Their persistence prompted a rescue package for one of those funds on Monday, as Citadel and Point72 Asset Management agreed to pump $2.75bn into Melvin Capital — a fund targeted on Reddit for several months. The founder of the other — noted short seller Andrew Left of Citron Research — last week backed away from any further comment on GameStop, saying his views had drawn online abuse by a “mob”.
“These are not idiosyncratic events,” said Andrew Slimmon, portfolio manager at Morgan Stanley Investment Management. “It is a reflection of the fact that you have a growing cohort of people moving the market. I would be very careful shorting [certain] companies because the liquidity is there and flowing.”
Analysts note that Americans are likely to receive $1,400 government stimulus cheques in March, some of which could find its way into stocks.
The coarsely jocular Reddit postings, many from users whose names are too impolite to print, are likely to draw the attention of regulators in Washington even if the cases prove difficult to bring, former Securities and Exchange Commission enforcement officials said.
John Stark, a lecturer at Duke Law who previously led the SEC’s Office of Internet Enforcement, said the commission staff would probably investigate whether Reddit users were making false or misleading statements to woo other investors into a stock.
“There’s a whole group of investors who really don’t care about the inherent value of a company,” he said. “They just care if there’s someone else who will pay a higher price.”

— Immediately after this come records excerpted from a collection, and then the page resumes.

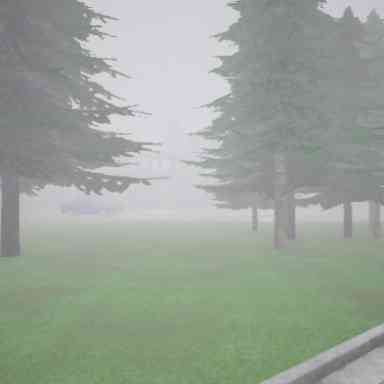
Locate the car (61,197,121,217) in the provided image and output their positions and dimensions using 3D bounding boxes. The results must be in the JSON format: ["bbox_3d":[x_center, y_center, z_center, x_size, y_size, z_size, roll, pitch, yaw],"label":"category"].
[{"bbox_3d":[-9.653,1.478,31.260,5.008,1.535,1.882,0,0,3],"label":"car"}]

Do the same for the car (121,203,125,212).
[{"bbox_3d":[-9.507,1.477,34.757,5.008,1.535,1.882,0,0,3],"label":"car"}]

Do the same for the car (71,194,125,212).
[{"bbox_3d":[-10.776,1.225,38.329,5.566,2.045,2.150,0,0,3],"label":"car"}]
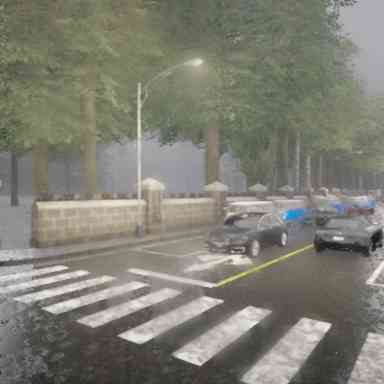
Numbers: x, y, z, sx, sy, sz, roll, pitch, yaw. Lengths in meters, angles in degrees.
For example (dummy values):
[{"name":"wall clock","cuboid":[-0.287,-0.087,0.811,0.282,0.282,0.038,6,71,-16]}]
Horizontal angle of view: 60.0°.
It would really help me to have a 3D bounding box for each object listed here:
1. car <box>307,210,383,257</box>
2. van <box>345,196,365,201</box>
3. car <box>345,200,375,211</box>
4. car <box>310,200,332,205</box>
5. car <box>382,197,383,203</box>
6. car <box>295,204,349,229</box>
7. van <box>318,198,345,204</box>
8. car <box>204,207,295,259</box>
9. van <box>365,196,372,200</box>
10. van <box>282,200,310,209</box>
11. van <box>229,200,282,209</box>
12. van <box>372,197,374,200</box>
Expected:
[{"name":"car","cuboid":[6.449,1.645,13.545,1.994,1.385,4.181,0,0,37]},{"name":"van","cuboid":[20.170,1.539,41.950,1.690,1.788,3.998,0,0,36]},{"name":"car","cuboid":[16.572,1.765,32.670,1.895,1.301,4.718,0,0,37]},{"name":"car","cuboid":[10.130,1.688,28.263,1.887,1.381,4.507,0,0,36]},{"name":"car","cuboid":[43.598,1.600,73.882,2.192,1.841,5.009,0,0,36]},{"name":"car","cuboid":[8.614,1.719,21.850,1.895,1.301,4.718,0,0,36]},{"name":"van","cuboid":[13.476,1.504,32.826,1.690,1.788,3.998,0,0,36]},{"name":"car","cuboid":[2.317,1.581,13.287,1.837,1.490,4.892,0,0,35]},{"name":"van","cuboid":[23.516,1.555,46.511,1.690,1.788,3.998,0,0,36]},{"name":"van","cuboid":[6.782,1.464,23.703,1.690,1.788,3.998,0,0,36]},{"name":"van","cuboid":[3.435,1.443,19.141,1.690,1.788,3.998,0,0,36]},{"name":"van","cuboid":[26.864,1.569,51.073,1.690,1.788,3.998,0,0,36]}]
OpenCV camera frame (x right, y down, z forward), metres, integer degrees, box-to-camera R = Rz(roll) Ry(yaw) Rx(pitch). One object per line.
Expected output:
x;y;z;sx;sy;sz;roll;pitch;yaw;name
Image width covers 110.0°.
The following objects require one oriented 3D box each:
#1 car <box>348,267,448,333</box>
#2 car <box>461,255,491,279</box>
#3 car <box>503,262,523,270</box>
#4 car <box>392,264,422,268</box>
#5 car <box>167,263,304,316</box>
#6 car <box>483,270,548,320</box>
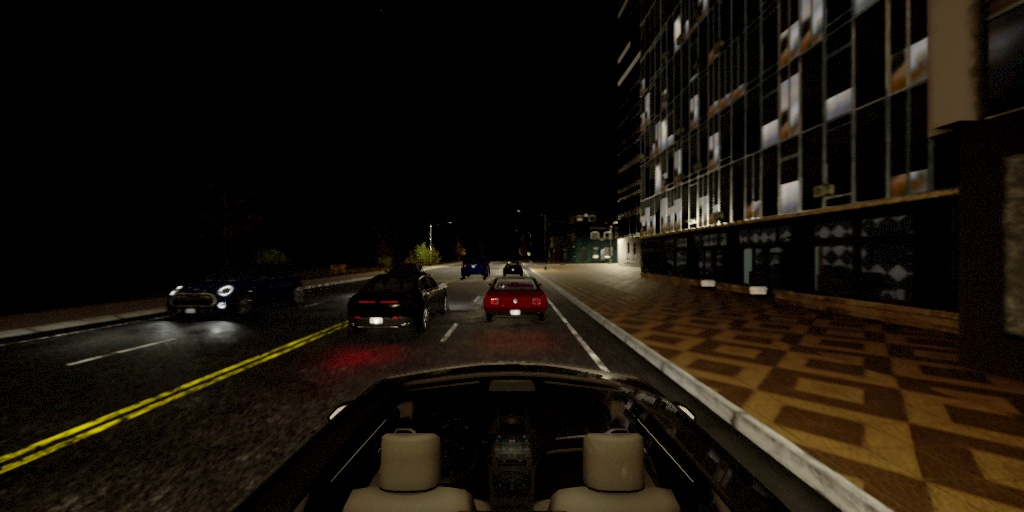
-3.148;1.247;10.738;1.837;1.490;4.892;0;0;0;car
-3.149;0.944;31.763;2.150;2.045;5.566;0;0;0;car
0.103;1.282;36.323;1.994;1.385;4.181;0;0;0;car
-6.590;1.236;22.202;1.837;1.490;4.892;0;0;0;car
-9.847;1.092;13.231;2.097;1.767;4.553;0;0;0;car
0.101;1.341;12.583;1.895;1.301;4.718;0;0;0;car
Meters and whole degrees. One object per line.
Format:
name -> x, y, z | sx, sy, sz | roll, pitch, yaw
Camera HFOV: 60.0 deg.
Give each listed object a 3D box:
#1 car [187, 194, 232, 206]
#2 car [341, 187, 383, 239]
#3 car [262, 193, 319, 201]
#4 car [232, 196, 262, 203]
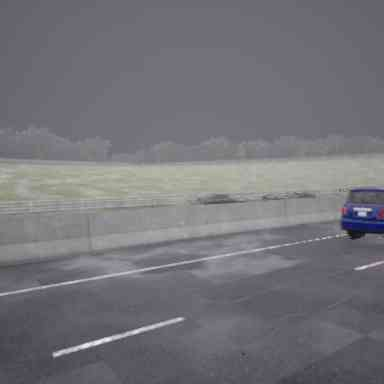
car -> 1.862, 0.934, 30.111 | 4.892, 1.490, 1.837 | -2, 1, -33
car -> 8.200, 0.778, 13.107 | 5.566, 2.045, 2.150 | -2, 1, -33
car -> 8.033, 0.852, 25.785 | 4.892, 1.490, 1.837 | -2, 1, -33
car -> 6.140, 0.946, 28.729 | 4.718, 1.301, 1.895 | -2, 1, -33
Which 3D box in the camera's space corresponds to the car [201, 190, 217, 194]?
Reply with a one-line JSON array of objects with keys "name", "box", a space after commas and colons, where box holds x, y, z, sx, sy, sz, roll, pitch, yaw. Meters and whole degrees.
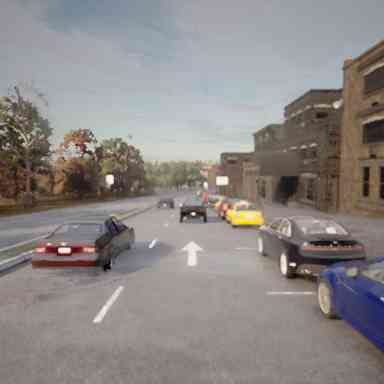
[{"name": "car", "box": [3.188, 0.861, 54.195, 2.435, 2.045, 5.566, 0, 0, 0]}]

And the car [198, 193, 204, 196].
[{"name": "car", "box": [0.076, 1.261, 42.215, 2.033, 1.411, 5.357, 0, 0, 0]}]

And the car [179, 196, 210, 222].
[{"name": "car", "box": [0.091, 1.309, 24.798, 1.882, 1.535, 5.008, 0, 0, 0]}]

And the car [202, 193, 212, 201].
[{"name": "car", "box": [3.168, 0.996, 70.929, 1.946, 1.575, 5.366, 0, 0, 0]}]

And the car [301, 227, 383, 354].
[{"name": "car", "box": [3.224, 1.490, 4.315, 2.002, 1.452, 4.674, 0, 0, 0]}]

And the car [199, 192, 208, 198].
[{"name": "car", "box": [3.142, 0.853, 92.712, 2.231, 1.521, 4.892, 0, 0, 0]}]

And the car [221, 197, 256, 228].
[{"name": "car", "box": [3.217, 1.334, 21.077, 1.946, 1.575, 5.366, 0, 0, 0]}]

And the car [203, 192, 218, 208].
[{"name": "car", "box": [3.196, 1.152, 48.513, 2.231, 1.521, 4.892, 0, 0, 0]}]

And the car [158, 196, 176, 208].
[{"name": "car", "box": [-3.174, 1.225, 41.503, 1.837, 1.490, 4.892, 0, 1, 0]}]

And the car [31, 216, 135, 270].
[{"name": "car", "box": [-3.153, 1.474, 10.731, 2.033, 1.411, 5.357, 0, 0, 0]}]

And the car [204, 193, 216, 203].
[{"name": "car", "box": [3.181, 1.071, 59.879, 1.946, 1.575, 5.366, 0, 0, 0]}]

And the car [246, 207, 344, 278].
[{"name": "car", "box": [3.222, 1.414, 9.836, 2.231, 1.521, 4.892, 0, 0, 0]}]

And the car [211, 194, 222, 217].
[{"name": "car", "box": [3.214, 1.259, 32.130, 1.946, 1.575, 5.366, 0, 0, 0]}]

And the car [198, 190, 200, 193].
[{"name": "car", "box": [3.149, 0.638, 87.220, 2.435, 2.045, 5.566, 0, 0, 0]}]
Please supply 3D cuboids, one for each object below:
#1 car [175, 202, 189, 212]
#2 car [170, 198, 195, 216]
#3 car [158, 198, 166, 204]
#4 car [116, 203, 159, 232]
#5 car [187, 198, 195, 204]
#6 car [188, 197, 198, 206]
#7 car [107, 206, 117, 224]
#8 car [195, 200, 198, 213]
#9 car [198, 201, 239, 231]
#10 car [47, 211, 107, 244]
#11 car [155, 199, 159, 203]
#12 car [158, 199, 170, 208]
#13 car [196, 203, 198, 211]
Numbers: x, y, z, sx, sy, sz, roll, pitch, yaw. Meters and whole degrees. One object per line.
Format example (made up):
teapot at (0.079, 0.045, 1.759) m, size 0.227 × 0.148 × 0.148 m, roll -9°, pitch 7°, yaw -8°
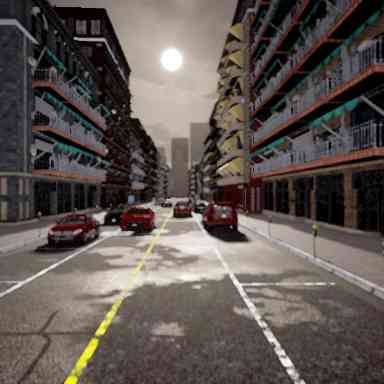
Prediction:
car at (-1.429, 2.159, 48.137) m, size 1.895 × 1.301 × 4.718 m, roll 0°, pitch -1°, yaw -1°
car at (-1.089, 1.794, 38.373) m, size 2.097 × 1.767 × 4.553 m, roll 0°, pitch -1°, yaw -2°
car at (-8.130, 2.510, 90.255) m, size 1.967 × 1.590 × 4.097 m, roll -1°, pitch -1°, yaw -2°
car at (-3.516, 1.736, 22.397) m, size 1.882 × 1.535 × 5.008 m, roll 0°, pitch -1°, yaw -2°
car at (-0.243, 2.503, 90.295) m, size 1.967 × 1.590 × 4.097 m, roll -1°, pitch -1°, yaw -2°
car at (0.097, 2.240, 78.974) m, size 2.192 × 1.841 × 5.009 m, roll -1°, pitch -1°, yaw -2°
car at (-6.172, 1.893, 28.126) m, size 1.947 × 1.339 × 4.313 m, roll -1°, pitch -1°, yaw -2°
car at (1.148, 2.084, 45.004) m, size 1.947 × 1.339 × 4.313 m, roll -1°, pitch -1°, yaw -2°
car at (1.858, 1.569, 22.362) m, size 2.192 × 1.841 × 5.009 m, roll -1°, pitch -1°, yaw -2°
car at (-5.816, 1.779, 16.830) m, size 1.802 × 1.307 × 4.206 m, roll -1°, pitch -1°, yaw -2°
car at (-7.774, 2.372, 78.959) m, size 1.967 × 1.590 × 4.097 m, roll -1°, pitch -1°, yaw -2°
car at (-4.739, 2.302, 62.936) m, size 1.994 × 1.385 × 4.181 m, roll 0°, pitch -1°, yaw -1°
car at (1.683, 1.870, 28.020) m, size 2.008 × 1.369 × 4.403 m, roll -1°, pitch -1°, yaw -2°
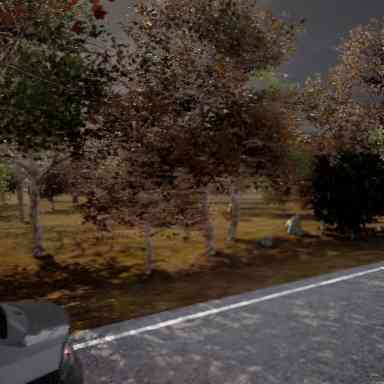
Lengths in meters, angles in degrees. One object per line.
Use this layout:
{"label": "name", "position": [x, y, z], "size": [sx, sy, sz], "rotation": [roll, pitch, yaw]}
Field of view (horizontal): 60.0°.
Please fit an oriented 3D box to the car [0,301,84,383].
{"label": "car", "position": [-3.127, 1.511, 1.756], "size": [4.892, 1.490, 1.837], "rotation": [-1, 1, -35]}
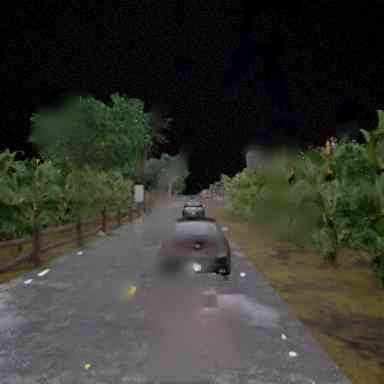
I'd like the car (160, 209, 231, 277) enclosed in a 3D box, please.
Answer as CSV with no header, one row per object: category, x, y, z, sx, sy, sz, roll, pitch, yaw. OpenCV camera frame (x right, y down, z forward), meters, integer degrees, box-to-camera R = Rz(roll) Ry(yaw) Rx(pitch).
car,0.097,1.508,10.244,1.837,1.490,4.892,0,1,0

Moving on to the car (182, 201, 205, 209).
car,0.123,1.514,29.063,2.128,1.511,4.902,0,0,0
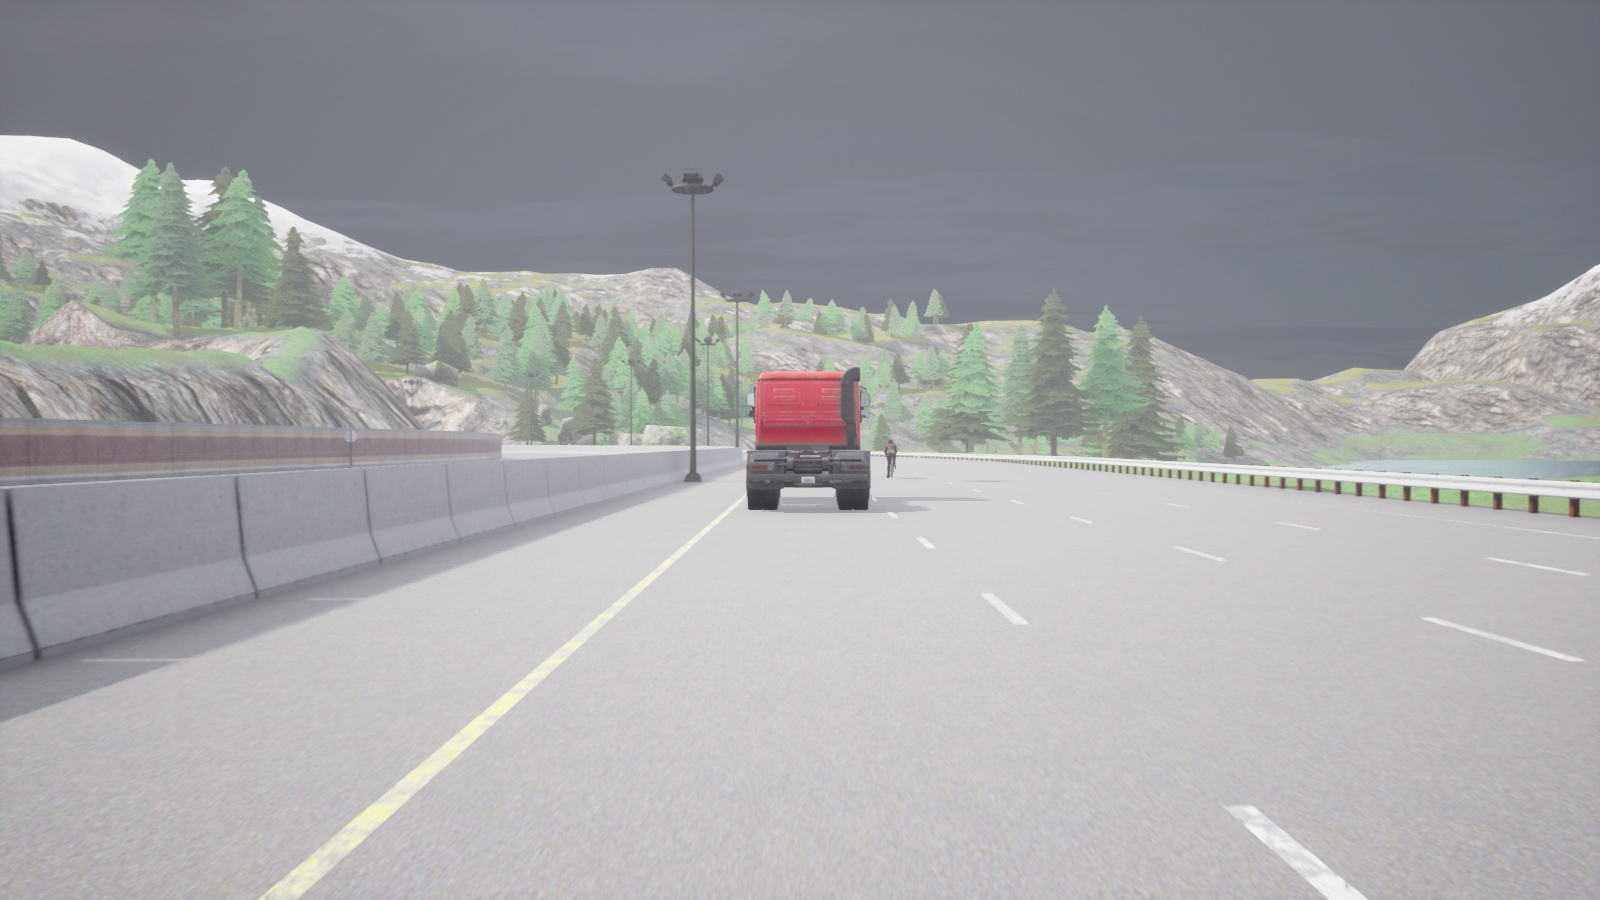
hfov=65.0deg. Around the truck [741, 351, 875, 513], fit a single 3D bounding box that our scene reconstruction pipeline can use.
[{"bbox_3d":[0.195,-0.410,30.971,2.891,3.462,7.936,0,0,0],"label":"truck"}]
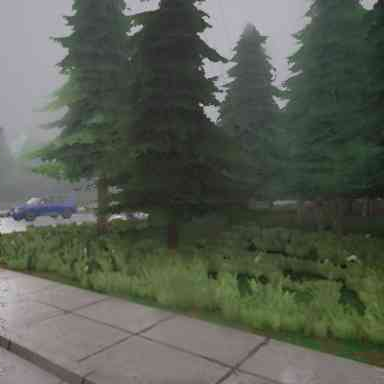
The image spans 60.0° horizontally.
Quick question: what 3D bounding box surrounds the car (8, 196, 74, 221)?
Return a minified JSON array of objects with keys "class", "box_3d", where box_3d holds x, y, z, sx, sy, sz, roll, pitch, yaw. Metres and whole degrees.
[{"class":"car","box_3d":[-12.675,1.369,28.561,2.150,2.045,5.566,0,0,35]}]

The SEC is also likely to investigate whether users are being paid for their recommendations by companies or other organisations seeking to move a stock. Any investigation could take months — or longer — involving subpoenas of user IP addresses and broker trading records, Mr Cutler said.
The commission can also intervene sooner if it sees egregious market moves or suspects manipulation by suspending trading in a stock or by seeking temporary relief through the courts. Mr Cutler noted, though, that suspensions were often unpopular because it left investors who had jumped into the stock stuck in the shares.
The SEC declined to comment.
Options are central to retail investors’ success in moving markets, with the use of the instruments that let traders bet on the direction of stock prices being amplified by no-commission websites such as Robinhood. In aggregate, this has forced big brokers to buy stocks to hedge their own risks, helping supercharge the influence of day traders who typically have much less financial firepower than their established Wall Street rivals.
Chris Murphy, co-head of derivatives strategy at Susquehanna International Group, said rising prices of other heavily-shorted stocks showed that this activity was spreading around the US stock market. The 50 stocks most frequently shorted by hedge funds have outperformed the S&P 500 so far this year, according to Goldman Sachs.
“If you’re an institution and you’re short some stocks, you may look at the GameStop situation and think it is not worth the risk, and cover your position,” Mr Murphy said. “And then you have shorts being covered everywhere.”
Analysts across Wall Street updated institutional clients including pension funds and hedge funds on Monday with lists of stocks they believed could face the same storm as GameStop and BlackBerry.
“You used to have a world where everyone was watching [CNBC presenter] Jim Cramer on TV and he would talk about something and [the stock] would go crazy,” said a trader at a large broker in New York, who requested anonymity. “You are now in a world where it is coming from a lot of social media platforms. In many ways, it is a lot more democratised . . . [but] it is more difficult to understand how much of it is real.”